At dinner last night @keynes-fetlife-mutual's roommate brought up a point about the GFC that I hadn't realized: part of the problem was that various European banking regulations had created a huge demand for AAA-rated assets, via the perfectly understandable public demand that things like pension funds and only make extremely safe bets so retirees don't suddenly lose all their money. But there are only so many AAA assets around! And the vacuum ended up getting filled by sketchy American mortgages that were laundered through securitization and money markets until nobody realized what they were anymore. But to be clear: if American mortgages hadn't filled this demand for AAA assets beyond the realistic supply, something else would have, and would've blown up a different way.
To this I added the point that the in, which is what we saw when Truss became PM: to make a long story short, the chaos occurred in pension funds when the BOE raised rates and looked poised to raise them a lot more, and suddenly these funds were out of cash. Which is really counterintuitive! Pension funds should benefit when rates go up. But these funds had hedged themselves so much against interest rate downside risk that when rates when up, even though their future asset value was excellent in the long run, in the here-and-now they had no money. Again: safety systems causing problems. It's similar to that issue last year when commodities prices went way up, and refiners/miners of some metal, (maybe aluminum, I can't remember or find the link) were screwed because they had again hedged against downside risk and now a bunch of banks were making margin calls on them. This all turned out to be fine, I assume because capital markets gave them bridge funding on the promise that "hey, we benefit from these high prices, we're good for it", but you could imagine a scenario where this price spike occurred during a liquidity crisis where there was no easy capital available, and then these producers would've been strangled to death by their own safety nets.

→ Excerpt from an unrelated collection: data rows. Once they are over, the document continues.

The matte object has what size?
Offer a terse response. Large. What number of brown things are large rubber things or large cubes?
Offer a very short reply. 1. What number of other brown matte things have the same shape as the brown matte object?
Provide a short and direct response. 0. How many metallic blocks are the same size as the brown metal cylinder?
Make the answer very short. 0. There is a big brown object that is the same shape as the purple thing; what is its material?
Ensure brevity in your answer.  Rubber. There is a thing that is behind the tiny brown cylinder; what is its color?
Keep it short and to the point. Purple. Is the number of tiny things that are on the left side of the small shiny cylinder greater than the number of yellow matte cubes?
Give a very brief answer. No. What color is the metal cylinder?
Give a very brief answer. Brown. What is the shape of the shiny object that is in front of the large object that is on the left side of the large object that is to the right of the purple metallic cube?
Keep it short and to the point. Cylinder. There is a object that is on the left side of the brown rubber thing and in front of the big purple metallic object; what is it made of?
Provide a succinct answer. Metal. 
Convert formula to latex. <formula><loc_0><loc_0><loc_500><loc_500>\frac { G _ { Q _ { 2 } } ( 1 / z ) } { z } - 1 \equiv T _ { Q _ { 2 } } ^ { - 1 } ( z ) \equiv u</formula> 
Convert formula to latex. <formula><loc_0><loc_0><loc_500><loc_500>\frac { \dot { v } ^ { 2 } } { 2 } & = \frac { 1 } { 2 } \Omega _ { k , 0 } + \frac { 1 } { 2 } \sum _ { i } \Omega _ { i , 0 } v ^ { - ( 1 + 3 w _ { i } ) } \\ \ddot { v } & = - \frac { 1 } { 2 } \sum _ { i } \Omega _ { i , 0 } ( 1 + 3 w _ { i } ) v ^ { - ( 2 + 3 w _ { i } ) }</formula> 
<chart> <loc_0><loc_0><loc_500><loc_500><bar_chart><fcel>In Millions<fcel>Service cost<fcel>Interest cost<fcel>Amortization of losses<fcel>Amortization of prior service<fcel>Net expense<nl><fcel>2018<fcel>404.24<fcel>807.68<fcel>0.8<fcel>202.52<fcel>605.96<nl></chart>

I don't know much of the details, but there's an emerging discipline of study about the extent to which safety systems against small-scale accidentally inherently make large-scale ones more likely because it increases the risk of cascading failure. This is something that keeps cloud computing operators up at night, since disks and NICs and power supplies die constantly and you have to make that invisible to consumers, but these failover mechanisms are very likely to take down entire datacenters if they just plow ahead with whatever they're doing. It's wild to me that finance faces the exact same dilemma.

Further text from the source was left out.